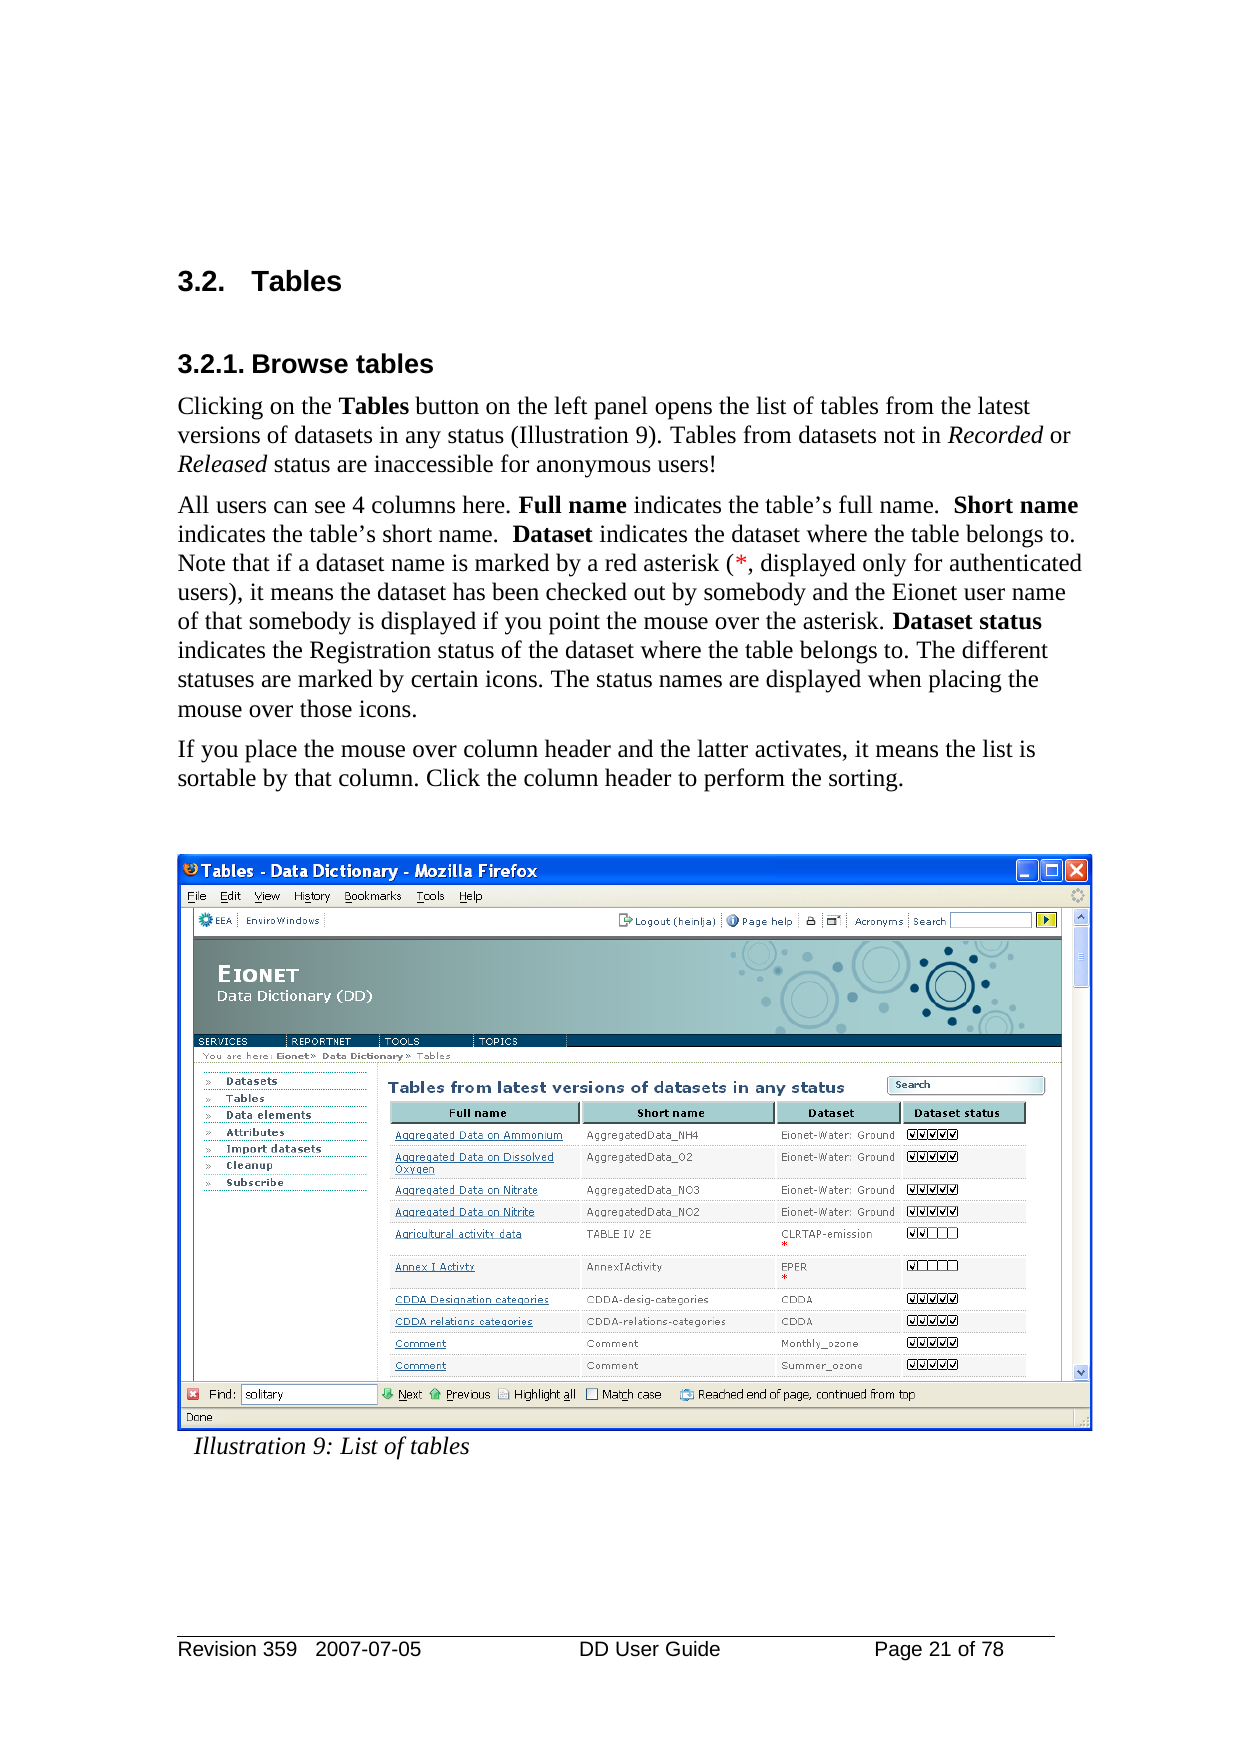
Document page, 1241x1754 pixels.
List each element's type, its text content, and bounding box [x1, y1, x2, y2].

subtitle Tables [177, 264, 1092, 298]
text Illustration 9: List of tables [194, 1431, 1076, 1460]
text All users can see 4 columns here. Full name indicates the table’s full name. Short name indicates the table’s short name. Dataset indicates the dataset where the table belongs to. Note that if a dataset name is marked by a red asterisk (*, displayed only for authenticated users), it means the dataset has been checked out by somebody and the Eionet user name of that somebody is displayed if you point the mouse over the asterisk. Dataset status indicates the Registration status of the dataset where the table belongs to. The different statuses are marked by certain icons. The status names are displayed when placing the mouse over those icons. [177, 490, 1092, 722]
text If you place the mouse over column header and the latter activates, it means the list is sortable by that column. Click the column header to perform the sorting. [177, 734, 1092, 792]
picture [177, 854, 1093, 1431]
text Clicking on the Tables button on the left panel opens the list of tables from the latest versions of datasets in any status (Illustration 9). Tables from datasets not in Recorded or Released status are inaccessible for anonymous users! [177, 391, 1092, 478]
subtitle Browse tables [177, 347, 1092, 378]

####################

◆ **Work instruction**
In the answer, please give only the lines from the line containing "text Illustration 9: List" through the final line of the data, copied exactly.

◆ **Solved problem**
text Illustration 9: List of tables [194, 1431, 1076, 1460]
text All users can see 4 columns here. Full name indicates the table’s full name. Short name indicates the table’s short name. Dataset indicates the dataset where the table belongs to. Note that if a dataset name is marked by a red asterisk (*, displayed only for authenticated users), it means the dataset has been checked out by somebody and the Eionet user name of that somebody is displayed if you point the mouse over the asterisk. Dataset status indicates the Registration status of the dataset where the table belongs to. The different statuses are marked by certain icons. The status names are displayed when placing the mouse over those icons. [177, 490, 1092, 722]
text If you place the mouse over column header and the latter activates, it means the list is sortable by that column. Click the column header to perform the sorting. [177, 734, 1092, 792]
picture [177, 854, 1093, 1431]
text Clicking on the Tables button on the left panel opens the list of tables from the latest versions of datasets in any status (Illustration 9). Tables from datasets not in Recorded or Released status are inaccessible for anonymous users! [177, 391, 1092, 478]
subtitle Browse tables [177, 347, 1092, 378]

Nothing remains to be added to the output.